Vegakkollai is a village panchayat in Panruti (Taluk) of Cuddalore district in Tamil Nadu.
Vegakkollai is located 14.9 km distance from its Taluk Main Town Panruti.

Vegakkollai is 24.1 km far from its district head Cuddalore. It is 173 km far from its Tamil Nadu state capital city Chennai.

Nearby villages 

 Keelakollai (4 km)
 Ayeepettai (1.2 km)
 Vengadampettai (1.5 km)
 Koranapattu (2.8 km)
 Krishnankuppam (4 km)
 Arasadikuppam (4 km)
 Siruthondamadevi (3 km)
 A. Puthur (2 km)
 Co.
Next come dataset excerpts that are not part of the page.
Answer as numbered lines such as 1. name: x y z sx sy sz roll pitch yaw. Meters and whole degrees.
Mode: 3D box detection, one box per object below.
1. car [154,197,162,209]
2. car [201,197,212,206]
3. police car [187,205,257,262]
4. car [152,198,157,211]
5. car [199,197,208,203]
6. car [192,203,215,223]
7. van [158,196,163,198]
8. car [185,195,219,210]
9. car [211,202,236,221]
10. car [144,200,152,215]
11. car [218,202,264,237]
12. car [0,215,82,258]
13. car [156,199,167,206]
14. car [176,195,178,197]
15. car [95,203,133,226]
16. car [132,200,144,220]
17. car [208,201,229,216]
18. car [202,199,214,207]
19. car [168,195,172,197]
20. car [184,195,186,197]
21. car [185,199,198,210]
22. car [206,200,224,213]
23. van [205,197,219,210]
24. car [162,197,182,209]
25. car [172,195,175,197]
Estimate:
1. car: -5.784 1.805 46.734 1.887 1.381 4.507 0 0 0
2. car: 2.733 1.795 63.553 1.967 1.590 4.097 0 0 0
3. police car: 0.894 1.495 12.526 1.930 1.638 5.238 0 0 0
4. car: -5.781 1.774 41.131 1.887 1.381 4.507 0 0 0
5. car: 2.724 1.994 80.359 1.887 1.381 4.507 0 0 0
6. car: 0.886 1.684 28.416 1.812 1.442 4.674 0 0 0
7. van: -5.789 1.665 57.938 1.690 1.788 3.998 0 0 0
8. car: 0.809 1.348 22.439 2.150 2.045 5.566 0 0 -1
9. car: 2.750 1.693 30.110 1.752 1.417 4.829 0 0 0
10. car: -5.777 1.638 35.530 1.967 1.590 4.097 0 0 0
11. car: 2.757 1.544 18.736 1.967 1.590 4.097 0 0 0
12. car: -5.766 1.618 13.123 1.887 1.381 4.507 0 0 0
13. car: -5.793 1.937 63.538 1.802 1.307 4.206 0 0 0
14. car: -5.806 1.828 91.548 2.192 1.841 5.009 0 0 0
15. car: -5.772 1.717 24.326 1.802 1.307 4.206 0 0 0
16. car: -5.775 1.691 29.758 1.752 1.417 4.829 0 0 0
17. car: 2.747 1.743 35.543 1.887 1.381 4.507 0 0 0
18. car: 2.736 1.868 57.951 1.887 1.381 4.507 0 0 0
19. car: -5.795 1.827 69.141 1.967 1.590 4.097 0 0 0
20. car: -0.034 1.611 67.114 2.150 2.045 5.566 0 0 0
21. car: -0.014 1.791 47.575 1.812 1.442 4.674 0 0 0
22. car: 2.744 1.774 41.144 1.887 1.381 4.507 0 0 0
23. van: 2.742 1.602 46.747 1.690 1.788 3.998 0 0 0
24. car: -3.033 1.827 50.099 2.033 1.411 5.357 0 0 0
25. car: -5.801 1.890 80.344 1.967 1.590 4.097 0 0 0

Chathiram (2 km)
 Kananchavadi (4 km)

Nearby towns 

 Indira nagar, Neyveli (6 km)
 Kurinjipadi (10.3 km)
 Panruti (14.9 km)
 Annagramam (16.9 km)
 Cuddalore (21 km)
 Vadalur (15 km)

Vegakkollai village areas 
 Vegakkollai Village
 Vegakkollai Pudur
 Kattu Vegakkollai
 Vegakkollai Sathram
This panchayat has a population of nearly 5,000 people. It is 6 km from Neyveli.

Places of workship 

Vegakkollai has,
 the ancient Kalapar Eswaran Kovil
 the ancient Murugan Kovil
 Kali Kovil
 Mariamman Kovil
 Pillayar Kovil
 Iyyanar Kovil
 Purathaman Aalayam.
Ranganathar temple in Vengadampettai, which is 1.5 km from Vegakkollai. It has the world's biggest statue of Ranganathar in a sleeping pose. The temple is about 1000 Years old.

Economy 

Vegakkollai village is surrounded with cashew nut groves and jack fruit trees. The primary occupation of the people in Vegakkollai is agriculture. Most of the people follow organic farming, as it is advantageous for the Environment. Major crops cultivated are Banana, Sugarcane, Ground nuts etc. Also other activities like cashew nut shelling and cashew export business starting from small to large in scale, jack fruit and bananas.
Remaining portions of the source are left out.